BRIEF:
Repeat every entry word for word, skipping the pictures.

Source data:
* * * *

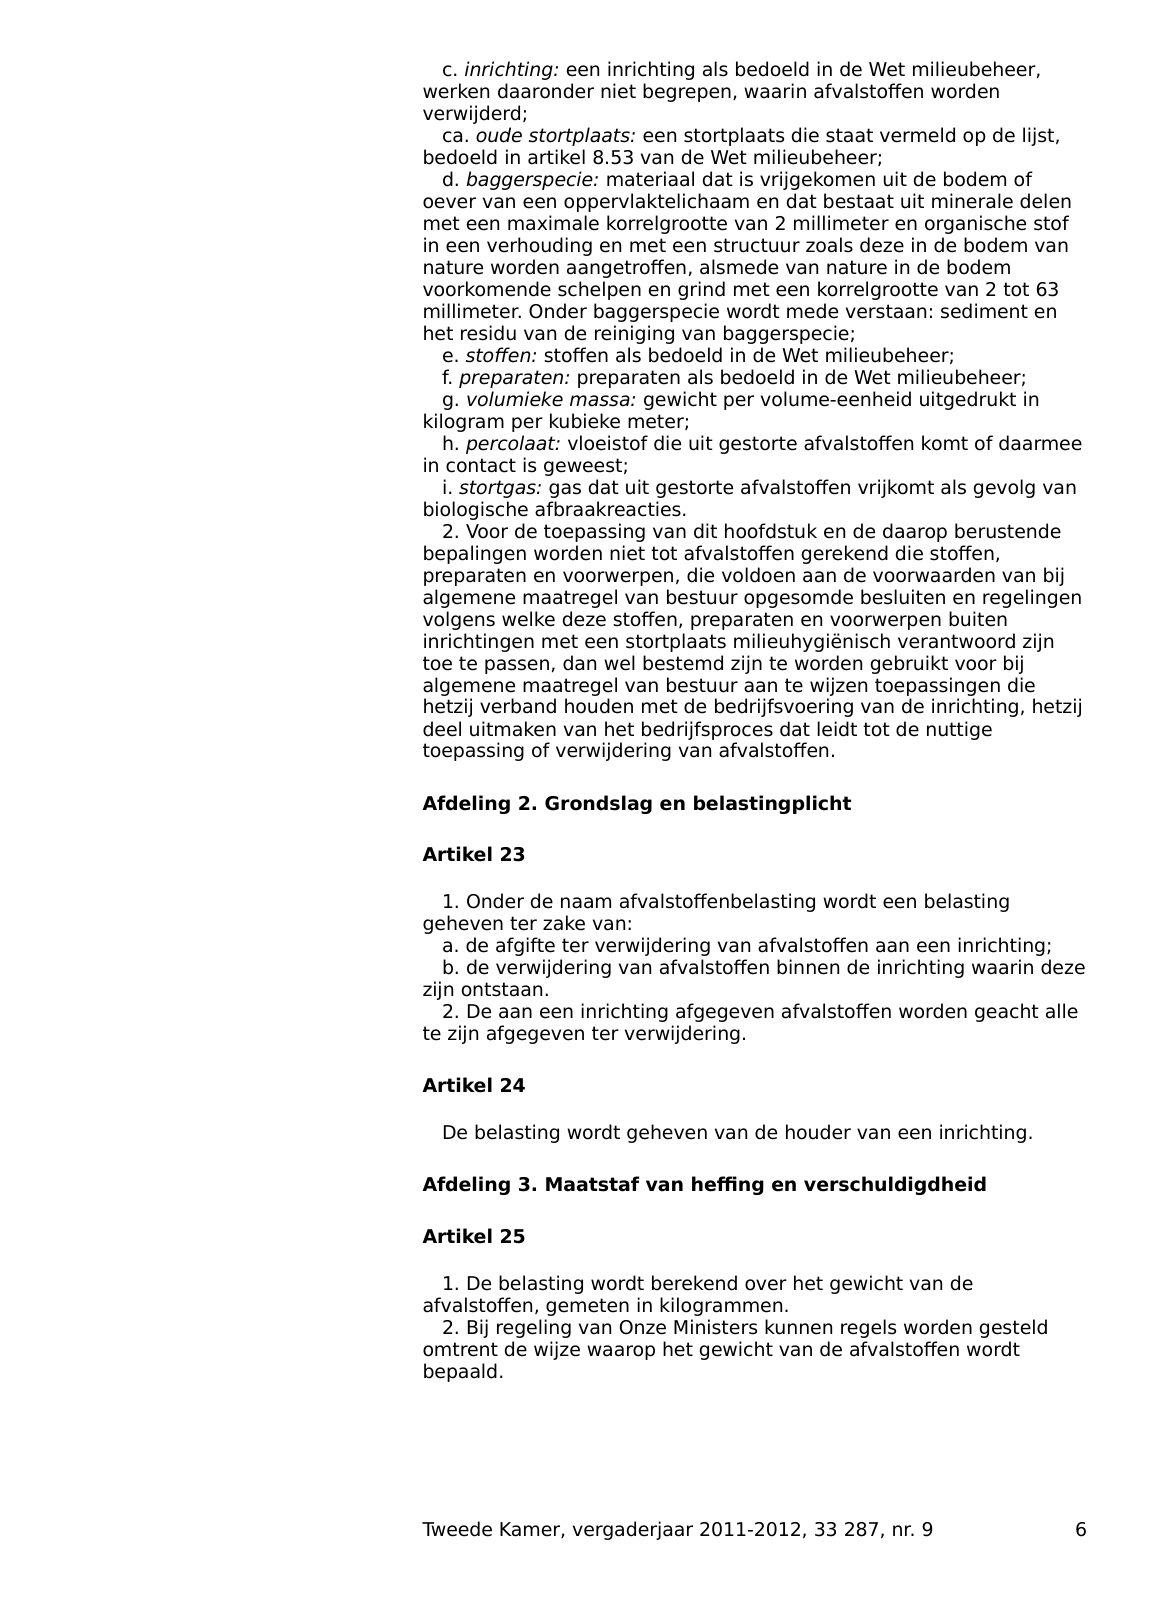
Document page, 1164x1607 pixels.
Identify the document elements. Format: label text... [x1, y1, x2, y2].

subtitle Afdeling 2. Grondslag en belastingplicht [422, 792, 1087, 814]
text d. baggerspecie: materiaal dat is vrijgekomen uit de bodem of oever van een oppervlaktelichaam en dat bestaat uit minerale delen met een maximale korrelgrootte van 2 millimeter en organische stof in een verhouding en met een structuur zoals deze in de bodem van nature worden aangetroffen, alsmede van nature in de bodem voorkomende schelpen en grind met een korrelgrootte van 2 tot 63 millimeter. Onder baggerspecie wordt mede verstaan: sediment en het residu van de reiniging van baggerspecie; [422, 169, 1087, 345]
text h. percolaat: vloeistof die uit gestorte afvalstoffen komt of daarmee in contact is geweest; [422, 433, 1087, 477]
text ca. oude stortplaats: een stortplaats die staat vermeld op de lijst, bedoeld in artikel 8.53 van de Wet milieubeheer; [422, 125, 1087, 169]
text a. de afgifte ter verwijdering van afvalstoffen aan een inrichting; [422, 935, 1087, 957]
text 1. De belasting wordt berekend over het gewicht van de afvalstoffen, gemeten in kilogrammen. [422, 1273, 1087, 1317]
subtitle Artikel 24 [422, 1075, 1087, 1097]
text De belasting wordt geheven van de houder van een inrichting. [422, 1122, 1087, 1144]
subtitle Afdeling 3. Maatstaf van heffing en verschuldigdheid [422, 1174, 1087, 1196]
text b. de verwijdering van afvalstoffen binnen de inrichting waarin deze zijn ontstaan. [422, 957, 1087, 1001]
text 2. De aan een inrichting afgegeven afvalstoffen worden geacht alle te zijn afgegeven ter verwijdering. [422, 1001, 1087, 1045]
text 2. Voor de toepassing van dit hoofdstuk en de daarop berustende bepalingen worden niet tot afvalstoffen gerekend die stoffen, preparaten en voorwerpen, die voldoen aan de voorwaarden van bij algemene maatregel van bestuur opgesomde besluiten en regelingen volgens welke deze stoffen, preparaten en voorwerpen buiten inrichtingen met een stortplaats milieuhygiënisch verantwoord zijn toe te passen, dan wel bestemd zijn te worden gebruikt voor bij algemene maatregel van bestuur aan te wijzen toepassingen die hetzij verband houden met de bedrijfsvoering van de inrichting, hetzij deel uitmaken van het bedrijfsproces dat leidt tot de nuttige toepassing of verwijdering van afvalstoffen. [422, 521, 1087, 762]
text g. volumieke massa: gewicht per volume-eenheid uitgedrukt in kilogram per kubieke meter; [422, 389, 1087, 433]
text 2. Bij regeling van Onze Ministers kunnen regels worden gesteld omtrent de wijze waarop het gewicht van de afvalstoffen wordt bepaald. [422, 1317, 1087, 1383]
text c. inrichting: een inrichting als bedoeld in de Wet milieubeheer, werken daaronder niet begrepen, waarin afvalstoffen worden verwijderd; [422, 59, 1087, 125]
subtitle Artikel 23 [422, 844, 1087, 866]
text 1. Onder de naam afvalstoffenbelasting wordt een belasting geheven ter zake van: [422, 891, 1087, 935]
text f. preparaten: preparaten als bedoeld in de Wet milieubeheer; [422, 367, 1087, 389]
subtitle Artikel 25 [422, 1226, 1087, 1248]
text e. stoffen: stoffen als bedoeld in de Wet milieubeheer; [422, 345, 1087, 367]
text i. stortgas: gas dat uit gestorte afvalstoffen vrijkomt als gevolg van biologische afbraakreacties. [422, 477, 1087, 521]

* * * *

OUTPUT OF THE TASK:
Document page, 1164x1607 pixels.
Identify the document elements. Format: label text... [x1, y1, x2, y2].

subtitle Afdeling 2. Grondslag en belastingplicht [422, 792, 1087, 814]
text d. baggerspecie: materiaal dat is vrijgekomen uit de bodem of oever van een oppervlaktelichaam en dat bestaat uit minerale delen met een maximale korrelgrootte van 2 millimeter en organische stof in een verhouding en met een structuur zoals deze in de bodem van nature worden aangetroffen, alsmede van nature in de bodem voorkomende schelpen en grind met een korrelgrootte van 2 tot 63 millimeter. Onder baggerspecie wordt mede verstaan: sediment en het residu van de reiniging van baggerspecie; [422, 169, 1087, 345]
text h. percolaat: vloeistof die uit gestorte afvalstoffen komt of daarmee in contact is geweest; [422, 433, 1087, 477]
text ca. oude stortplaats: een stortplaats die staat vermeld op de lijst, bedoeld in artikel 8.53 van de Wet milieubeheer; [422, 125, 1087, 169]
text a. de afgifte ter verwijdering van afvalstoffen aan een inrichting; [422, 935, 1087, 957]
text 1. De belasting wordt berekend over het gewicht van de afvalstoffen, gemeten in kilogrammen. [422, 1273, 1087, 1317]
subtitle Artikel 24 [422, 1075, 1087, 1097]
text De belasting wordt geheven van de houder van een inrichting. [422, 1122, 1087, 1144]
subtitle Afdeling 3. Maatstaf van heffing en verschuldigdheid [422, 1174, 1087, 1196]
text b. de verwijdering van afvalstoffen binnen de inrichting waarin deze zijn ontstaan. [422, 957, 1087, 1001]
text 2. De aan een inrichting afgegeven afvalstoffen worden geacht alle te zijn afgegeven ter verwijdering. [422, 1001, 1087, 1045]
text 2. Voor de toepassing van dit hoofdstuk en de daarop berustende bepalingen worden niet tot afvalstoffen gerekend die stoffen, preparaten en voorwerpen, die voldoen aan de voorwaarden van bij algemene maatregel van bestuur opgesomde besluiten en regelingen volgens welke deze stoffen, preparaten en voorwerpen buiten inrichtingen met een stortplaats milieuhygiënisch verantwoord zijn toe te passen, dan wel bestemd zijn te worden gebruikt voor bij algemene maatregel van bestuur aan te wijzen toepassingen die hetzij verband houden met de bedrijfsvoering van de inrichting, hetzij deel uitmaken van het bedrijfsproces dat leidt tot de nuttige toepassing of verwijdering van afvalstoffen. [422, 521, 1087, 762]
text g. volumieke massa: gewicht per volume-eenheid uitgedrukt in kilogram per kubieke meter; [422, 389, 1087, 433]
text 2. Bij regeling van Onze Ministers kunnen regels worden gesteld omtrent de wijze waarop het gewicht van de afvalstoffen wordt bepaald. [422, 1317, 1087, 1383]
text c. inrichting: een inrichting als bedoeld in de Wet milieubeheer, werken daaronder niet begrepen, waarin afvalstoffen worden verwijderd; [422, 59, 1087, 125]
subtitle Artikel 23 [422, 844, 1087, 866]
text 1. Onder de naam afvalstoffenbelasting wordt een belasting geheven ter zake van: [422, 891, 1087, 935]
text f. preparaten: preparaten als bedoeld in de Wet milieubeheer; [422, 367, 1087, 389]
subtitle Artikel 25 [422, 1226, 1087, 1248]
text e. stoffen: stoffen als bedoeld in de Wet milieubeheer; [422, 345, 1087, 367]
text i. stortgas: gas dat uit gestorte afvalstoffen vrijkomt als gevolg van biologische afbraakreacties. [422, 477, 1087, 521]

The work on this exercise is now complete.